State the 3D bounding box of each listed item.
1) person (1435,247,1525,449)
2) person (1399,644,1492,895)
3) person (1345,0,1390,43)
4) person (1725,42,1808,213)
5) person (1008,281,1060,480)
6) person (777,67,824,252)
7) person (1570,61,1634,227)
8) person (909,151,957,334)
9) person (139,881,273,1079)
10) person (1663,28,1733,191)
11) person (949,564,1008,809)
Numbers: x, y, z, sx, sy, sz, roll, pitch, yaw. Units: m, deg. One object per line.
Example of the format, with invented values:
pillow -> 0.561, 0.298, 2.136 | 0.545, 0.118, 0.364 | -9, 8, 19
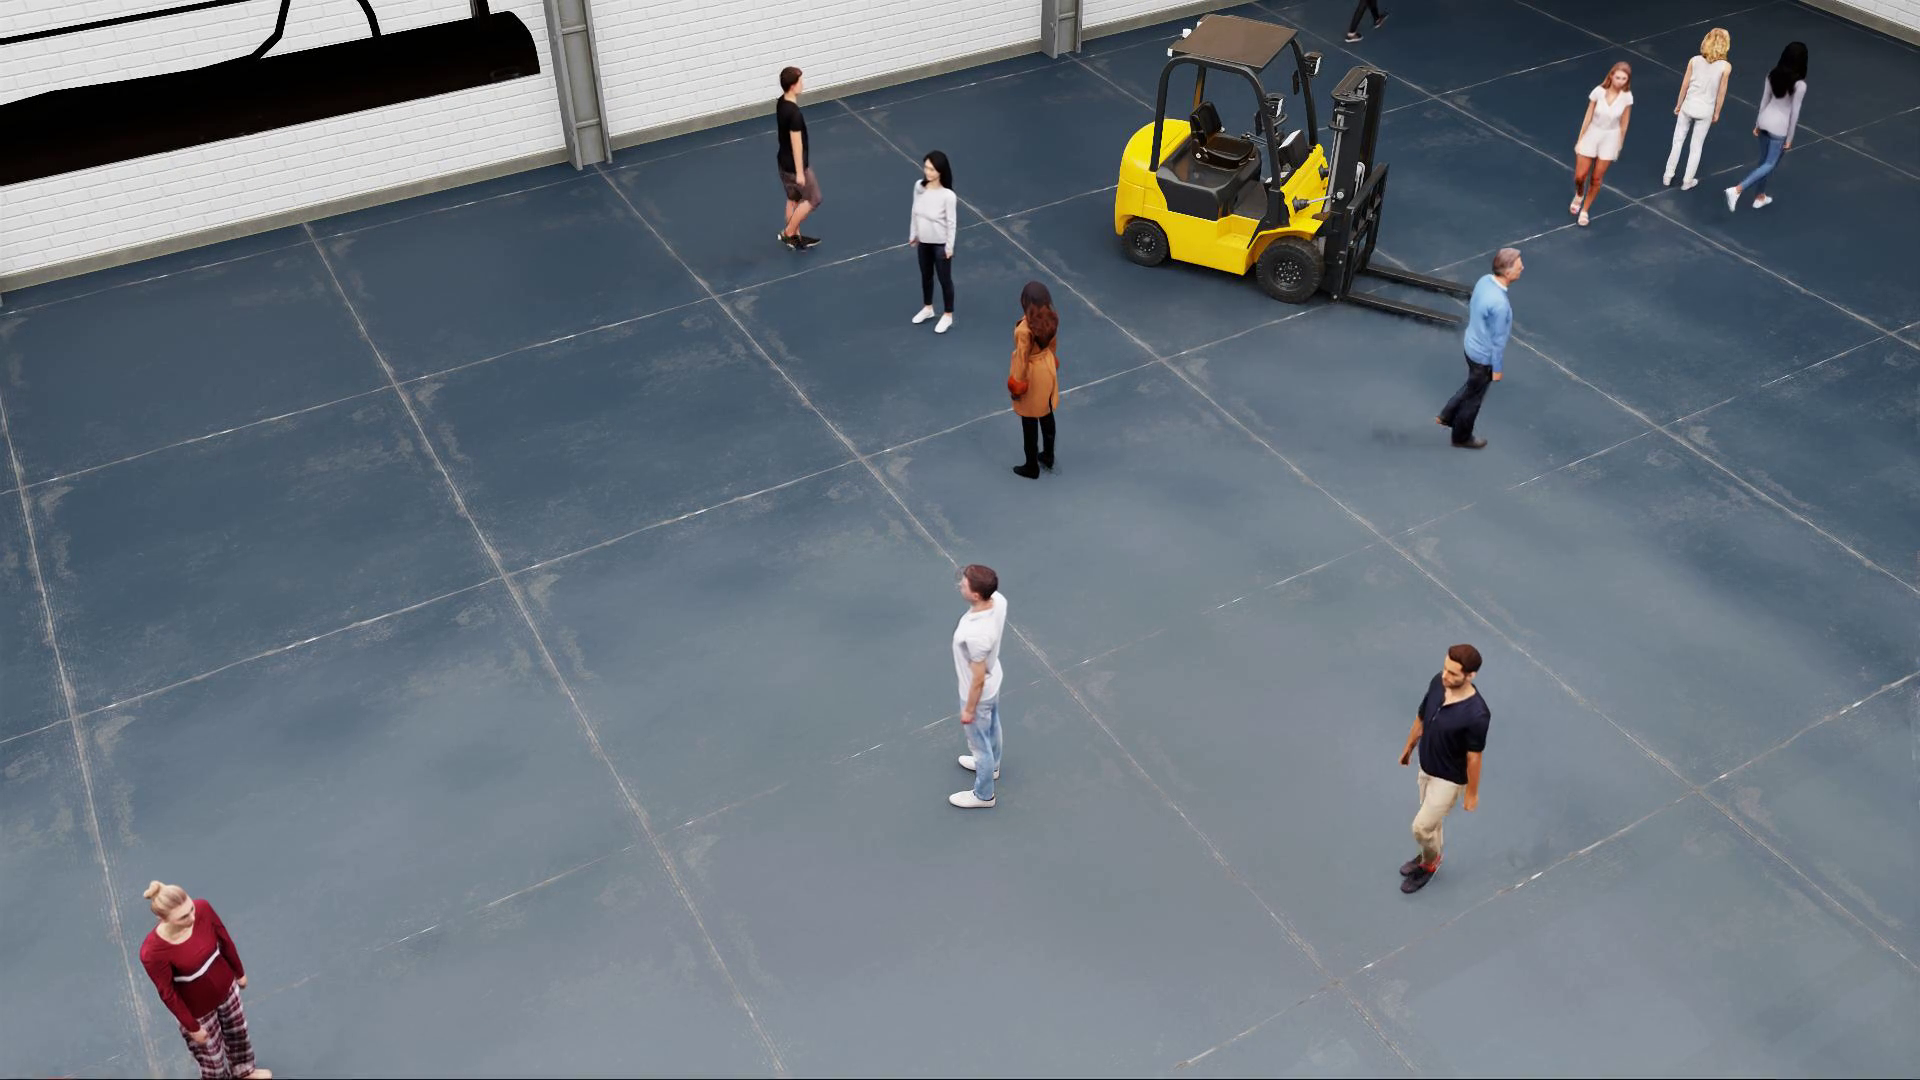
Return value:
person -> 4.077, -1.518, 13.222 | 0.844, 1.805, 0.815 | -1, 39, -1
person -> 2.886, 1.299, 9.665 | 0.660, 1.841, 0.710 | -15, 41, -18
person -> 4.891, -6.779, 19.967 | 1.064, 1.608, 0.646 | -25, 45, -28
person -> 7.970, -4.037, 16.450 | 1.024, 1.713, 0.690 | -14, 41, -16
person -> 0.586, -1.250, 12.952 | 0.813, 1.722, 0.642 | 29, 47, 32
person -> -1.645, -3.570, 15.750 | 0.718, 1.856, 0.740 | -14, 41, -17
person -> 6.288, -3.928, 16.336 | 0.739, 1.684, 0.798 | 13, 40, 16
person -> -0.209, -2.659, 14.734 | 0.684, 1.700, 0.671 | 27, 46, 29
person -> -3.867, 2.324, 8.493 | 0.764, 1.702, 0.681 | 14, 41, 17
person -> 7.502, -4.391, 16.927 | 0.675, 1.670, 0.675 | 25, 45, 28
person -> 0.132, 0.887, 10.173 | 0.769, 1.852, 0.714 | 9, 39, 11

==

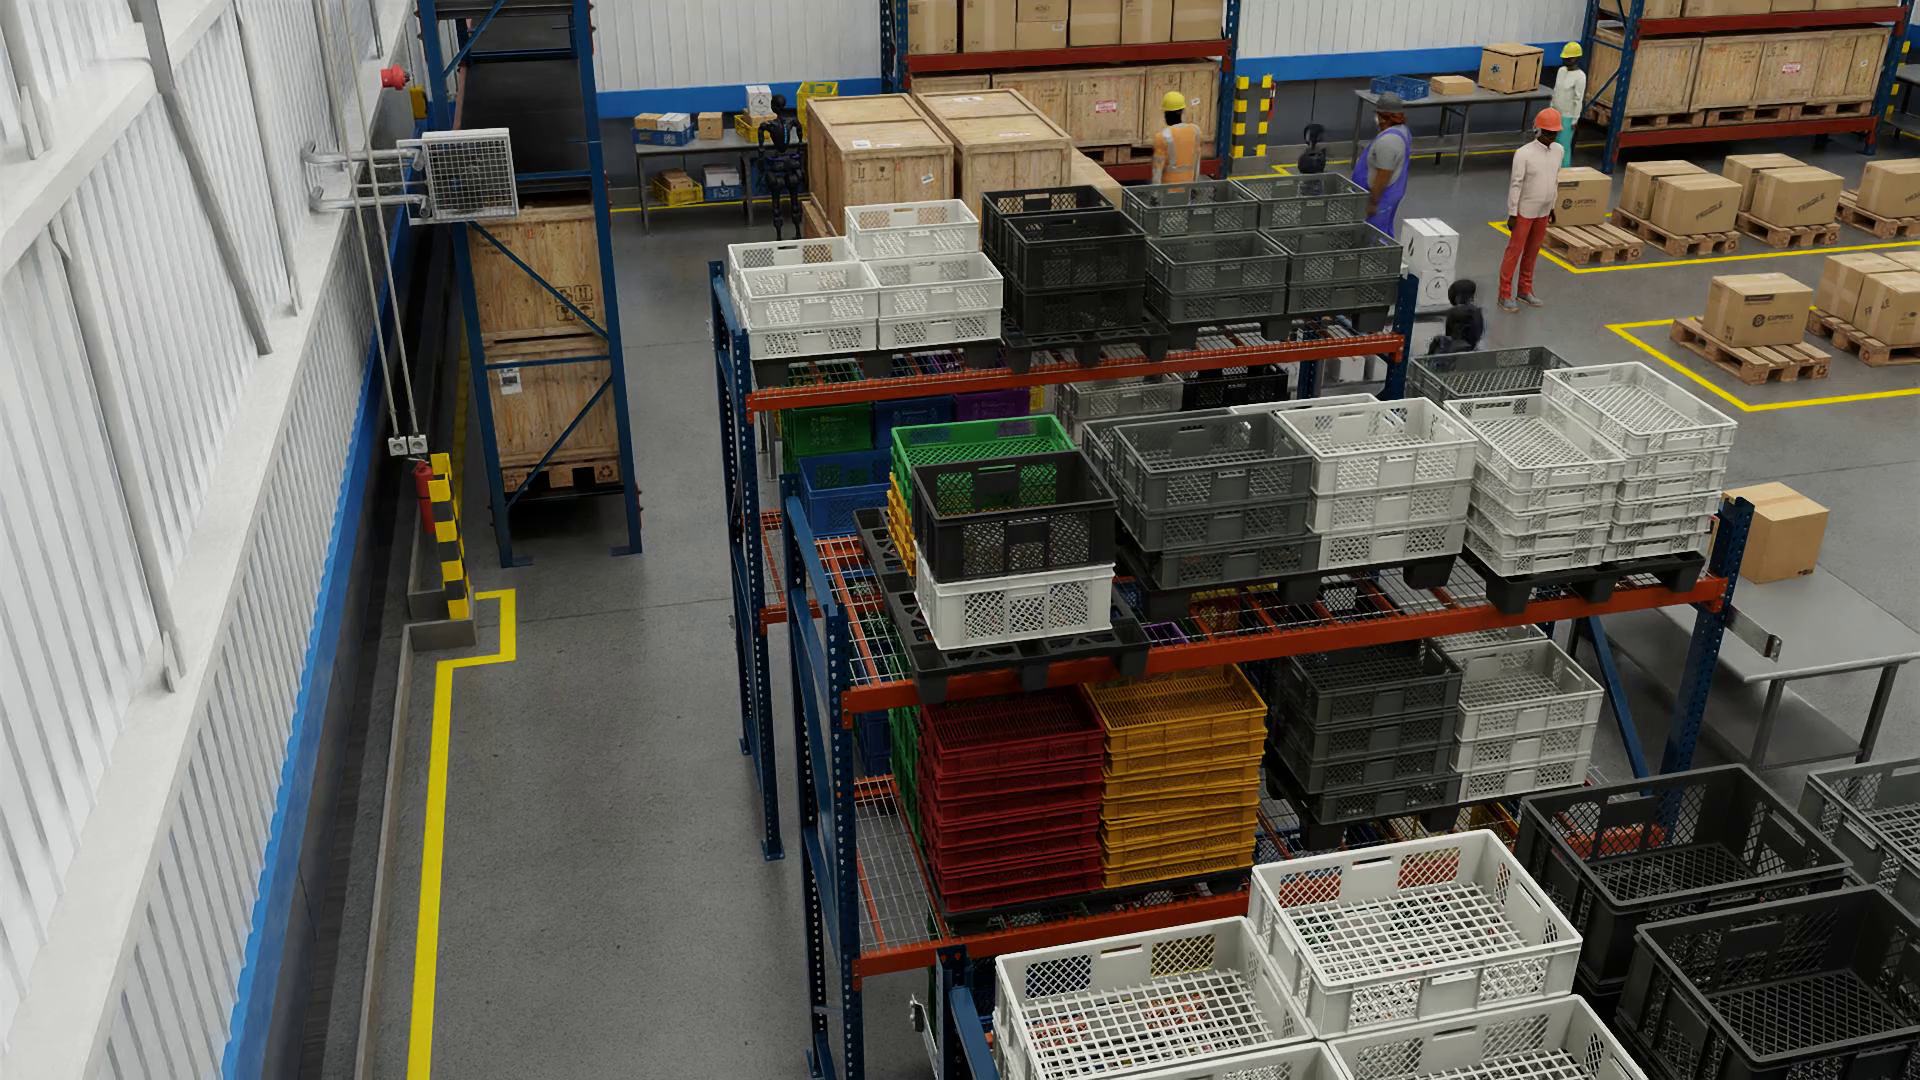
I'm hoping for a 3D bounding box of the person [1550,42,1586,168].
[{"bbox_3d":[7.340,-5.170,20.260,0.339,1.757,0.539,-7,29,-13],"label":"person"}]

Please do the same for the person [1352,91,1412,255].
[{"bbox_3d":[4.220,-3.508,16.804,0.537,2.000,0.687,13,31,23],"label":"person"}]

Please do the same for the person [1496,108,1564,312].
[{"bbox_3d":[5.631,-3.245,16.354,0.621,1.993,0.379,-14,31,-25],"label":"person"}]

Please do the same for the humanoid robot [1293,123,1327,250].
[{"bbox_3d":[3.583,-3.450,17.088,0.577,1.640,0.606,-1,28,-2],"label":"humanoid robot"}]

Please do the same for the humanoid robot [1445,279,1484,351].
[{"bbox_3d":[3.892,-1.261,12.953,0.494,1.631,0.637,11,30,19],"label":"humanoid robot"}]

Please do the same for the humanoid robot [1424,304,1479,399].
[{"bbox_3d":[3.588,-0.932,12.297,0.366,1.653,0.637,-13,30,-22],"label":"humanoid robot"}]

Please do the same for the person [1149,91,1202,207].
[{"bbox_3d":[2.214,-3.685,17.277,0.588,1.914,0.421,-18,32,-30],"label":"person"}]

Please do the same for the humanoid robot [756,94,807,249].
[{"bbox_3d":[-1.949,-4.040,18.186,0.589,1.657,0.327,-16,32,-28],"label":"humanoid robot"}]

---

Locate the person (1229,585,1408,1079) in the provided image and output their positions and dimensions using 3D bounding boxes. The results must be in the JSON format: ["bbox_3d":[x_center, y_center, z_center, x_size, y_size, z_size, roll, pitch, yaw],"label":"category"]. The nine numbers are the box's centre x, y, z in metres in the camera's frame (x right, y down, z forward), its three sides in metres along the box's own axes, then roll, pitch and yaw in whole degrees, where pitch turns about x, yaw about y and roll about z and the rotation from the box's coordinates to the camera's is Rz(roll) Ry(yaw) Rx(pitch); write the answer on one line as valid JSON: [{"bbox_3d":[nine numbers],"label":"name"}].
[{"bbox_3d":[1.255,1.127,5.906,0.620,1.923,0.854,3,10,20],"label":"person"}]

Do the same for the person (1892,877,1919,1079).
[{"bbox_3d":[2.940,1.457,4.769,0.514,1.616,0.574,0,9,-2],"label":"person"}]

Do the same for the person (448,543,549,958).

■ **WORK TO COMPLETE**
Set down, from the entries above, exactly the lines from the one with "Numbers: x, y, z, sx, sy, sz, roll, pitch, yaw." up to and including the one with "pillow -> 0.561, 0.298, 2.136", and no other lines.

■ **EXERCISE OUTPUT**
Numbers: x, y, z, sx, sy, sz, roll, pitch, yaw. Units: m, deg. One object per line.
Example of the format, with invented values:
pillow -> 0.561, 0.298, 2.136 | 0.545, 0.118, 0.364 | -9, 8, 19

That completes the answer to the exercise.